As President Barack Obama begins winding down the Bush war in Iraq,
he is building up his own war farther east. We're told that it will be
a new, expanded, extra-special American adventure in Afghanistan,
involving a vigorous surge strategy to "stabilize" this perpetually
unstable land.
The initial surge will add 17,000 troops to the 36,000 already
there. Then, later this year, there is to be a second troop surge of
another 17,000 or so. This mass of soldiers is expected to be deployed
to a series of new garrisons to be built in far-flung regions of this
impoverished, rural, mostly illiterate warlord state that is ruled by
hundreds of fractious, heavily armed tribal leaders. We're not told how
much this escalation will cost, but it will at least double the $2
billion a month that American taxpayers are already shelling out for
the Afghan war.
The extra-special part of this effort is to come from a simultaneous
"civilian surge" of hundreds of U.S. economic development experts.
"What we can't do," said Obama in an interview last Sunday, "is think
that just a military approach in Afghanistan is going to be able to
solve our problems." To win the hearts (and cooperation) of the Afghan
people, this development leg of the operation will try to build
infrastructure (roads, schools, etc.), create new crop alternatives to
lure hardscrabble farmers out of poppy production and generally lift
the country's bare-subsistence living standard.
What Obama has not mentioned is that, in addition to soldiers and
civilians, there is a third surge in his plan: private military
contractors. Yes, another privatized army, such as the one in Iraq.
There, the Halliburtons, Blackwaters and other war profiteers ran
rampant, shortchanging our troops, ripping off taxpayers, killing
civilians and doing deep damage to America's good name.

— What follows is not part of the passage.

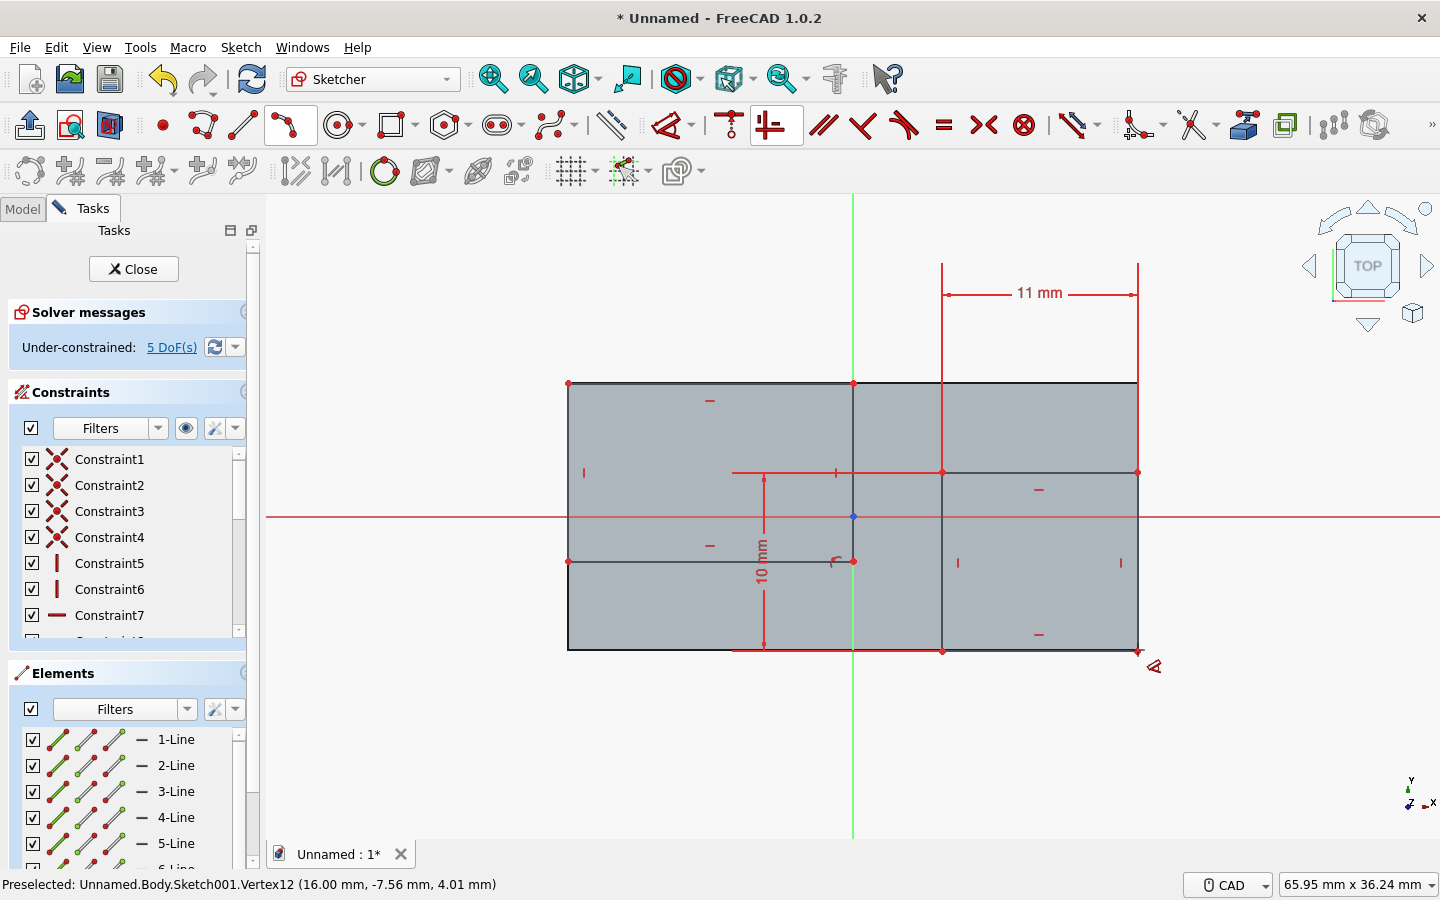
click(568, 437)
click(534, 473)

Already, there are 71,000 private contractors operating in
Afghanistan, and many more are preparing to deploy as Pentagon spending
ramps up for Obama's war. The military is now offering new contracts to
security firms to provide armed employees (aka, mercenaries) to guard
U.S. bases and convoys. Despite the widespread contractor abuses in Iraq,
Pentagon chief Robert Gates defends the ongoing privatization push:
"The use of contractor security personnel is vital to supporting the
forward-operating bases in certain parts of the country," he declared
in a February letter to the Senate Armed Services Committee.
What the gentle war secretary is really saying is this: "We don't
have a draft, and I don't see a lot of senators' kinfolks volunteering
to put their butts on the line in Afghanistan, so I've gotta pay
through the nose to find enough privateers to guard America's Army in
this forbidding place."
Meanwhile, here's an interesting twist to Obama's contractor surge:
the for-hire guards protecting our bases and convoys will not likely be
Americans. The Associated Press has reported that of the 3,847 security
contractors in Afghanistan, only nine are U.S. firms.

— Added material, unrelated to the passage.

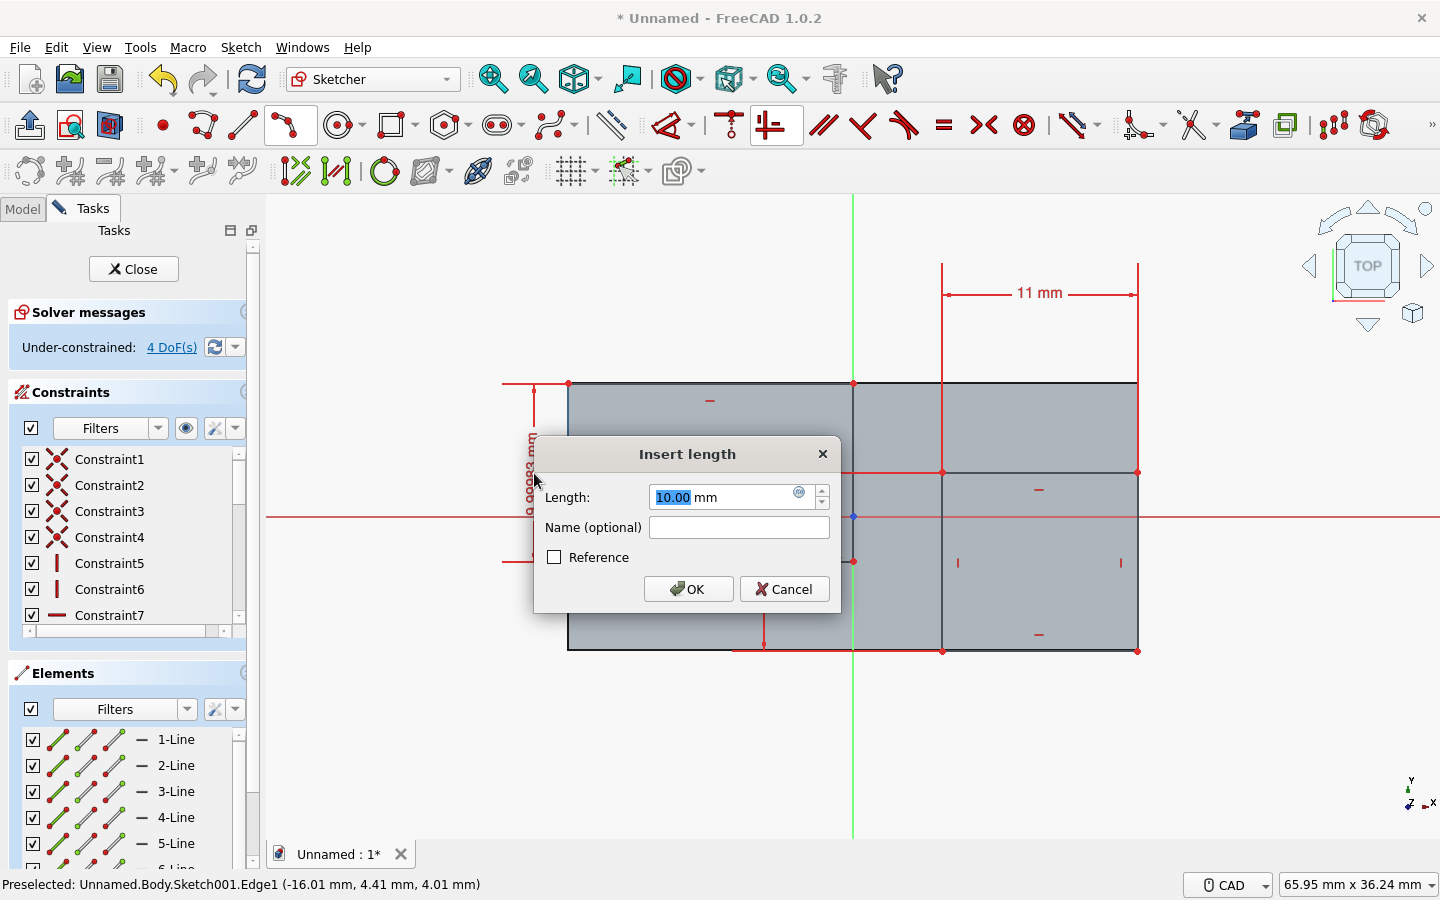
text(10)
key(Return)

Actually, being an American contractor is not a plus in the eyes of
the Afghan people, for they've had bitter experiences with them. They
point to DynCorp, a Virginia-based contractor that got nearly a billion
dollars in 2006 to train Afghan police. The bumbling "Inspector
Clouseau" of comic fame could've done a better job. At least he might
have amused the people.
What they got from DynCorp was a bunch of highly paid American
"advisors" who were unqualified and knew nothing about the country.
Some 70,000 police were to be trained, but less than half that number
actually went through the ridiculous eight-week program, which included
no field training.
A 2006 U.S. report on the DynCorp trainees deemed them to be
"incapable of carrying out routine law enforcement work." Meanwhile, no
one knows how many of the trainees ever reported for duty, or what
happened to thousands of missing trucks and other pieces of police
equipment that had been issued for the training.
The punch line of this joke is that DynCorp got another contract
($317 million) last August to "continue training civilian police forces
in Afghanistan."
Excuse me for saying it, but Obama is about to sink us - and his presidency - into a mess.